# Input data:
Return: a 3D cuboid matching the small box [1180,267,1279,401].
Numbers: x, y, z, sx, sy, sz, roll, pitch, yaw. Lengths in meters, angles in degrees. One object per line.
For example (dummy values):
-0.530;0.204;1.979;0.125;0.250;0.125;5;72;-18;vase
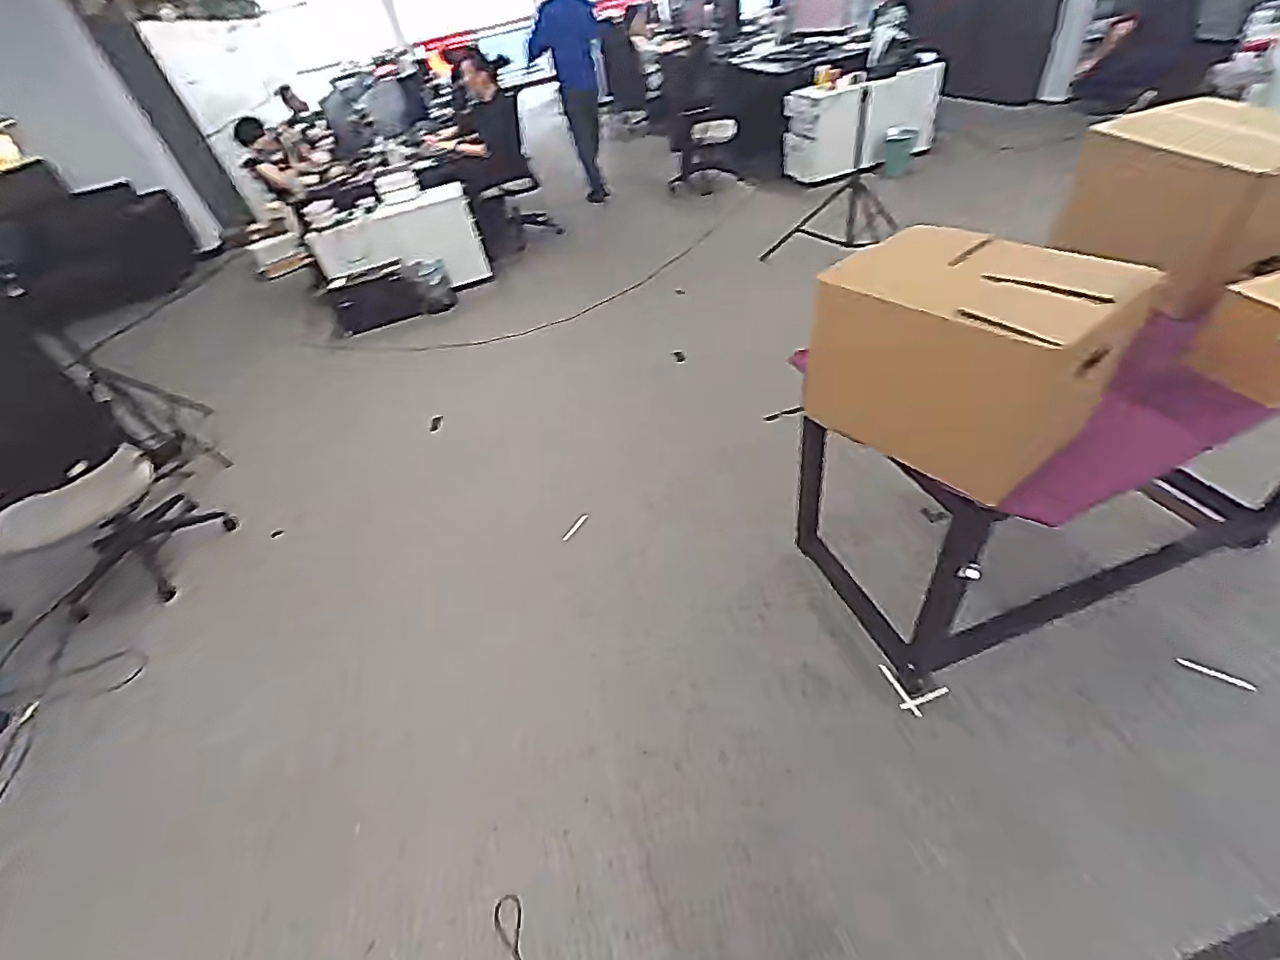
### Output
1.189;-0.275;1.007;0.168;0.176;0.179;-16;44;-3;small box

# Your objective:
Copy out every entry exactly as written, but not the pictures.

# Answer:
Return: a 3D cuboid matching the small box [1180,267,1279,401].
Numbers: x, y, z, sx, sy, sz, roll, pitch, yaw. Lengths in meters, angles in degrees. One object per line.
For example (dummy values):
-0.530;0.204;1.979;0.125;0.250;0.125;5;72;-18;vase
### Output
1.189;-0.275;1.007;0.168;0.176;0.179;-16;44;-3;small box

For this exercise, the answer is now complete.